• WHAT YOU NEED TO DO
Your answer must be the exact lines from the one with "- person [229, 378, 306, 568]" to the end of the data, both included, with no pictures.

• DATA LISTING
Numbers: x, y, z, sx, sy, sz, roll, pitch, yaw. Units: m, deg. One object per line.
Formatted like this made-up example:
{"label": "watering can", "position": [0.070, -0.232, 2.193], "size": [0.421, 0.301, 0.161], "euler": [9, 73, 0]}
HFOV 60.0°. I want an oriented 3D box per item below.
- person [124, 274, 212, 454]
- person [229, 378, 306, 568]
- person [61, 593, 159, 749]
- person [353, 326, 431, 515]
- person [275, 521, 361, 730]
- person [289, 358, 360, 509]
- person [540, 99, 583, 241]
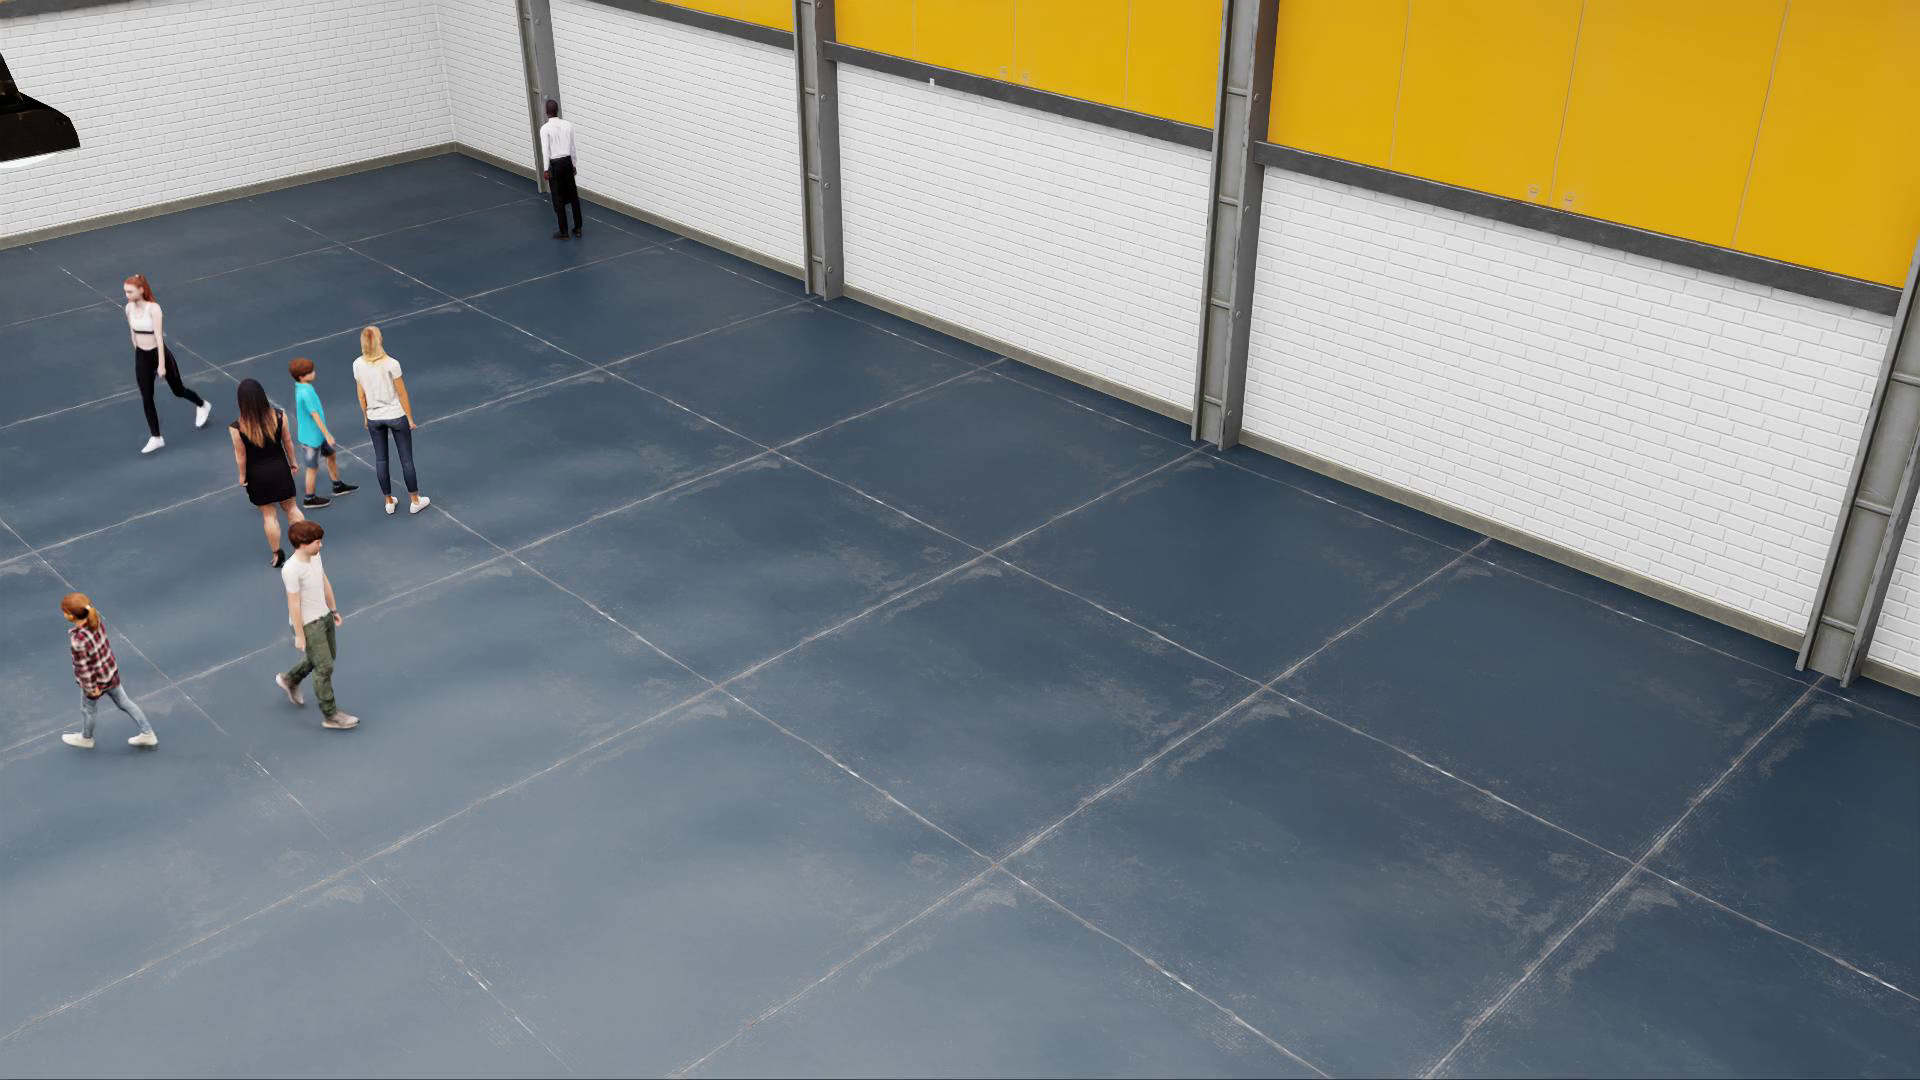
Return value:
{"label": "person", "position": [-7.869, -1.787, 16.427], "size": [1.158, 1.712, 1.027], "euler": [7, 29, 13]}
{"label": "person", "position": [-5.885, -0.560, 14.174], "size": [0.663, 1.716, 0.597], "euler": [-23, 36, -36]}
{"label": "person", "position": [-6.064, 0.968, 11.838], "size": [0.972, 1.270, 0.868], "euler": [3, 29, 6]}
{"label": "person", "position": [-5.176, -1.081, 15.032], "size": [0.659, 1.808, 0.726], "euler": [1, 29, 1]}
{"label": "person", "position": [-4.790, 0.595, 12.142], "size": [1.024, 1.634, 0.922], "euler": [6, 29, 11]}
{"label": "person", "position": [-6.000, -0.962, 15.212], "size": [0.755, 1.428, 0.766], "euler": [-10, 30, -18]}
{"label": "person", "position": [-5.284, -4.901, 22.008], "size": [0.648, 1.835, 0.549], "euler": [-22, 36, -35]}

• RESPONSE TO THE EXERCISE
- person [229, 378, 306, 568]
- person [61, 593, 159, 749]
- person [353, 326, 431, 515]
- person [275, 521, 361, 730]
- person [289, 358, 360, 509]
- person [540, 99, 583, 241]
Return value:
{"label": "person", "position": [-7.869, -1.787, 16.427], "size": [1.158, 1.712, 1.027], "euler": [7, 29, 13]}
{"label": "person", "position": [-5.885, -0.560, 14.174], "size": [0.663, 1.716, 0.597], "euler": [-23, 36, -36]}
{"label": "person", "position": [-6.064, 0.968, 11.838], "size": [0.972, 1.270, 0.868], "euler": [3, 29, 6]}
{"label": "person", "position": [-5.176, -1.081, 15.032], "size": [0.659, 1.808, 0.726], "euler": [1, 29, 1]}
{"label": "person", "position": [-4.790, 0.595, 12.142], "size": [1.024, 1.634, 0.922], "euler": [6, 29, 11]}
{"label": "person", "position": [-6.000, -0.962, 15.212], "size": [0.755, 1.428, 0.766], "euler": [-10, 30, -18]}
{"label": "person", "position": [-5.284, -4.901, 22.008], "size": [0.648, 1.835, 0.549], "euler": [-22, 36, -35]}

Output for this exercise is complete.